Parce qu'ils n'étaient pas de la borne race,

Parce qu'ils n'étaient pas de la bonne religion,

 parce qu'ils ne pensaient pas correctement,

parce qu'ils avaient lutté contre l'oppression

ou simplement par hasard.

 

Croyant les détruire en tentant de les réduire à l'état de bêtes apeurées, le système concentrationnaire n'a pu enlever à ces êtres meurtris dans leur chair, atteints dans leurs âmes, nus et dépouillés, leur grandeur d'HOMME, leur dignité d'HOMME.

Ils ont peut-être brisés leurs corps. mais jamais leurs esprits.

 

A quelques jours près, il y a 57 ans, nous étions des ressuscités de l'enfer.

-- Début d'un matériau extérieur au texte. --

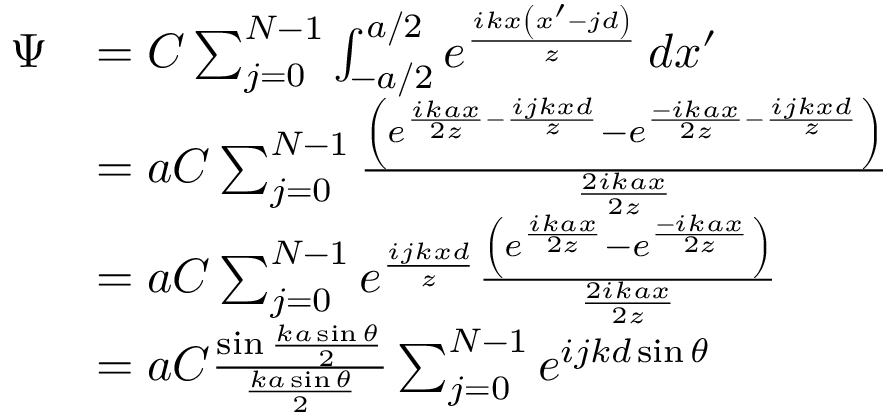<formula> <loc_0><loc_0><loc_500><loc_500>{ \begin{array} { r l } { \Psi } & { = C \sum _ { j = 0 } ^ { N - 1 } \int _ { - { a } / { 2 } } ^ { { a } / { 2 } } e ^ { \frac { i k x \left ( x ^ { \prime } - j d \right ) } { z } } \, d x ^ { \prime } } \\ & { = a C \sum _ { j = 0 } ^ { N - 1 } { \frac { \left ( e ^ { { \frac { i k a x } { 2 z } } - { \frac { i j k x d } { z } } } - e ^ { { \frac { - i k a x } { 2 z } } - { \frac { i j k x d } { z } } } \right ) } { \frac { 2 i k a x } { 2 z } } } } \\ & { = a C \sum _ { j = 0 } ^ { N - 1 } e ^ { \frac { i j k x d } { z } } { \frac { \left ( e ^ { \frac { i k a x } { 2 z } } - e ^ { \frac { - i k a x } { 2 z } } \right ) } { \frac { 2 i k a x } { 2 z } } } } \\ & { = a C { \frac { \sin { \frac { k a \sin \theta } { 2 } } } { \frac { k a \sin \theta } { 2 } } } \sum _ { j = 0 } ^ { N - 1 } e ^ { i j k d \sin \theta } } \end{array} }</formula>

 Alors nous voici encore une fois ici, pour nous souvenir, pour témoigner.

Car nous ne sommes pas ici seulement pour nous souvenir d'un passé, certes douloureux, pour rappeler les fantômes de nos camarades disparus, mais pour rechercher et proclamer sur ce lieu de MEMOIRE un message pour l'AVENIR.

 

Au pied de ce vestige d'un passé douloureux, nous représentons un témoignage encore vivant, même s'il est parfois trop silencieux, d'un passé que personne ne veut voir resurgir. Et pourtant notre expérience, qui fut et demeure unique, s'est renouvelée, et se renouvelle encore quotidiennement, différemment mais toujours aussi sauvagement, à travers le monde: des hommes et des femmes, pire encore, des enfants dans l'innocence de leur âge, subissent des exactions, des tortures, la mort souvent, parce que leur couleur, leur race, leur religion, leur mode de vie ne plaisent pas à ceux qui sont localement au pouvoir.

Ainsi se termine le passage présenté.